Alguém pode retrucar: mas qual é o valor lógico dessa certeza? Como o senhor pode se certificar de que dentro desses dados não haja uma grande série de erros?

A minha resposta é: a imensa maioria dos erros vem de apegos. Para alguém ter confiança nas suas certezas primeiras, precisa ter possuído um senso do bem e do mal muito vivo. Porque, neste caso, seu olho é límpido para ver. As deformações “visuais” se originam, em sua quase totalidade, da vontade.

Quem, com a alma limpa, procura conhecer assim essa verdade primeira, poderá cometer erros acidentais, poderá cometer erros secundários, mas o grosso do conhecimento sobre determinada coisa, ele obtém. Ou seja, na linha-mestra não erra. É do senso natural. Isto é ainda mais verdade quando ele é batizado e assistido pela graça.
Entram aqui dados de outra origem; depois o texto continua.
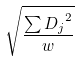Convert formula to latex. <formula><loc_0><loc_0><loc_500><loc_500>\sqrt { \frac { \sum { D _ { j } } ^ { 2 } } { w } }</formula> 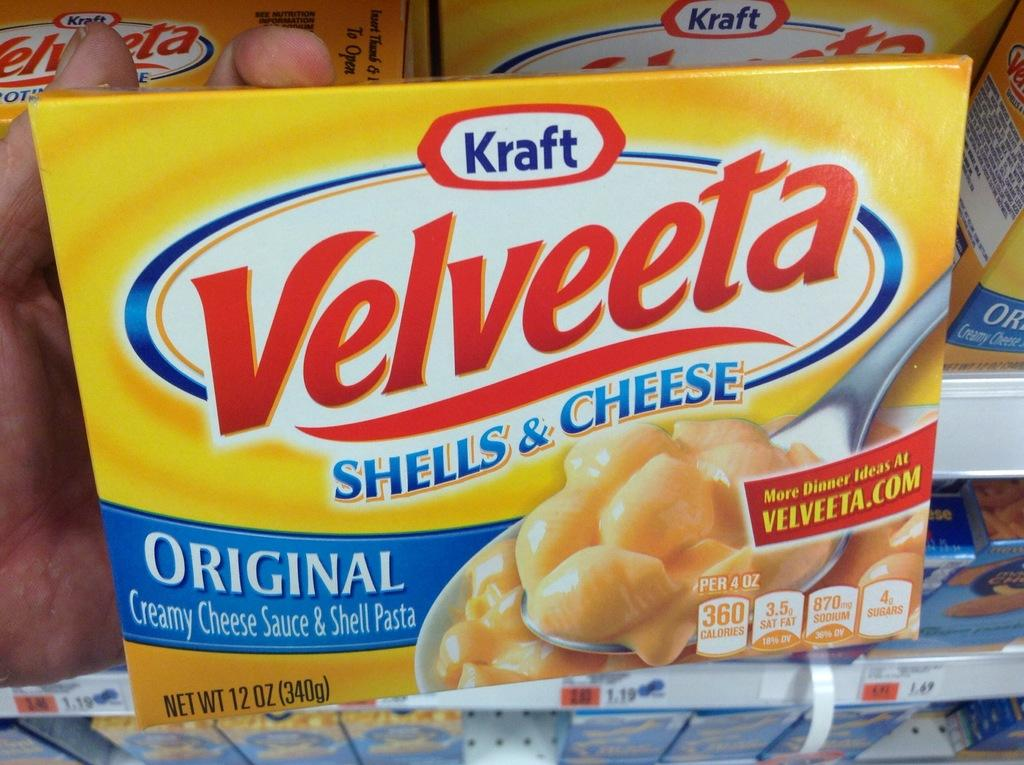What color are the food packets in the image? The food packets in the image are yellow. Where are the food packets located in the image? The food packets are in the middle of the image. What can be seen on the cover of the food packets? There is text on the cover of the food packets. What type of pet is sitting next to the food packets in the image? There is no pet present in the image; it only features the yellow food packets. 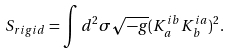<formula> <loc_0><loc_0><loc_500><loc_500>S _ { r i g i d } = \int d ^ { 2 } \sigma \sqrt { - g } ( K _ { a } ^ { i b } K _ { b } ^ { i a } ) ^ { 2 } .</formula> 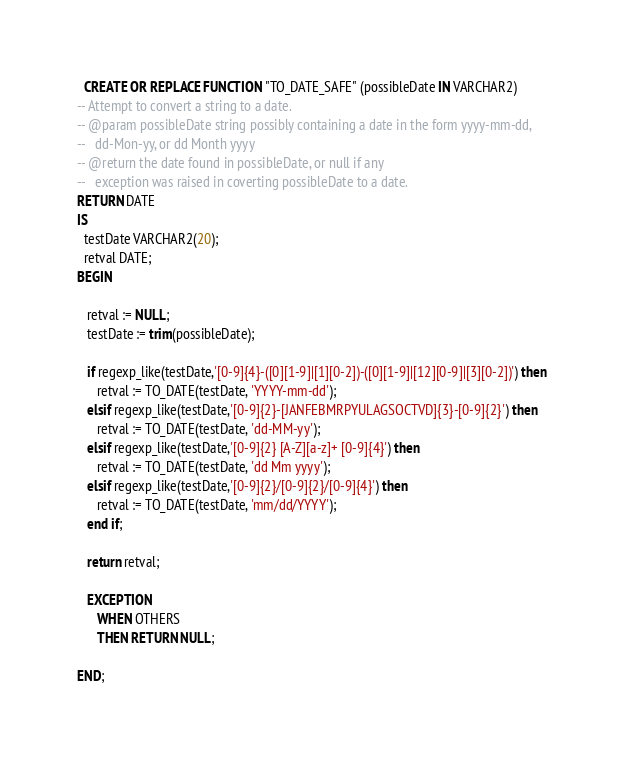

Qual é, então, o sistema da conquista da verdade? Esta começa por uma lenta explicitação do que já se sabe. E uma ordenação das coisas novas que se vai sabendo, mas em função do bom senso fundamental desses dados primeiros.

A marcha “de proche en proche” para atingir a verdade última

Sem isso, o senso da verdade não existe. Chega-se à verdade mais ou menos numa marcha de proche en proche (“da próxima à próxima”). Das verdades primeiras, não se deve saltar logo para as últimas, mas é preciso caminhar modestamente para verdades mais próximas. E assim, de uma para outra, embora já se possa ter intuído a verdade última — costuma acontecer que muita gente a intui —, é preciso construir a demonstração de proche en proche. Construí-la sem aparato, sem espalhafato, sem agitação, mas humilde, sólida e organicamente.

A esse respeito, sustento que o nosso melhor livro somos nós mesmos. Não somos só um livro; cada um de nós é uma biblioteca que contém imensamente mais do que as bibliotecas em que estão os livros. Jamais alguém escreveu tudo o que possa haver na mente de um homem.

Por exemplo: ao repararmos, num tecido, o contraste entre o vermelho e o azul, há milhares de impressões que saltam no nosso subconsciente. Se tomarmos o trabalho de as explicitar, teremos muito mais que numa biblioteca. Este é o grande trabalho intelectual ao qual devemos nos dedicar.

Qual é, então, o papel do livro? Ele me ajuda a colher dados de que eu preciso, me transmite alguma consideração interessante de alguém, etc. Mas nunca devo “entornar” o livro na minha cabeça. Ele deve servir de depósito de material para a minha construção.

Sei que estou indo de encontro à cultura em voga em muitos círculos intelectuais.

“Para alguém ter confiança nas suas certezas primeiras deve possuir um senso do bem e do mal muito vivo.”

Há alguns anos, fui almoçar com um grande medievalista francês, escritor de vários livros e com obras laureadas. Eu não havia lido nem a terça parte do que ele lera sobre a Idade Média. Contudo, no meio da nossa conversa, após eu ter feito alguns comentários sobre coisas medievais, ele me disse: “Caro amigo! O senhor precisa indicar-me sua bibliografia. De que livros o senhor tirou essas observações?” Quase respondi: li a minha própria cabeça…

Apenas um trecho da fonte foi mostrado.